*** Opening Source material ***
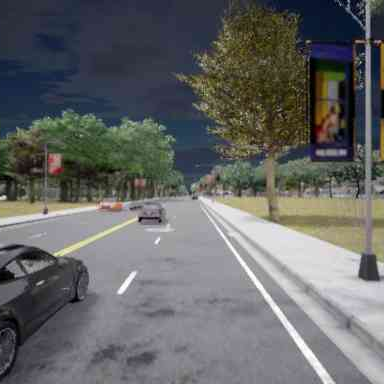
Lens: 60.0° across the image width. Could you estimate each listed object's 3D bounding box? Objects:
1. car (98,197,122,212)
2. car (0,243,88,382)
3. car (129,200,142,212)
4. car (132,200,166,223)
[{"bbox_3d":[-9.822,1.477,40.079,2.097,1.767,4.553,0,0,0],"label":"car"},{"bbox_3d":[-3.149,1.542,5.280,1.812,1.442,4.674,0,0,0],"label":"car"},{"bbox_3d":[-6.573,1.696,41.465,1.994,1.385,4.181,0,0,0],"label":"car"},{"bbox_3d":[-3.143,1.629,26.744,2.033,1.411,5.357,0,0,0],"label":"car"}]
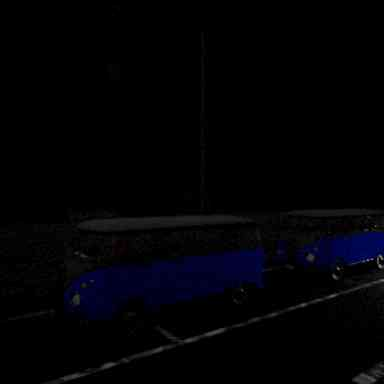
*** Closing Source material ***
_Work instructions_
Repeat, word for word, each of the records, omitting any image they hold.

_Answer to this problem_
Lens: 60.0° across the image width. Could you estimate each listed object's 3D bounding box? Objects:
1. car (98,197,122,212)
2. car (0,243,88,382)
3. car (129,200,142,212)
4. car (132,200,166,223)
[{"bbox_3d":[-9.822,1.477,40.079,2.097,1.767,4.553,0,0,0],"label":"car"},{"bbox_3d":[-3.149,1.542,5.280,1.812,1.442,4.674,0,0,0],"label":"car"},{"bbox_3d":[-6.573,1.696,41.465,1.994,1.385,4.181,0,0,0],"label":"car"},{"bbox_3d":[-3.143,1.629,26.744,2.033,1.411,5.357,0,0,0],"label":"car"}]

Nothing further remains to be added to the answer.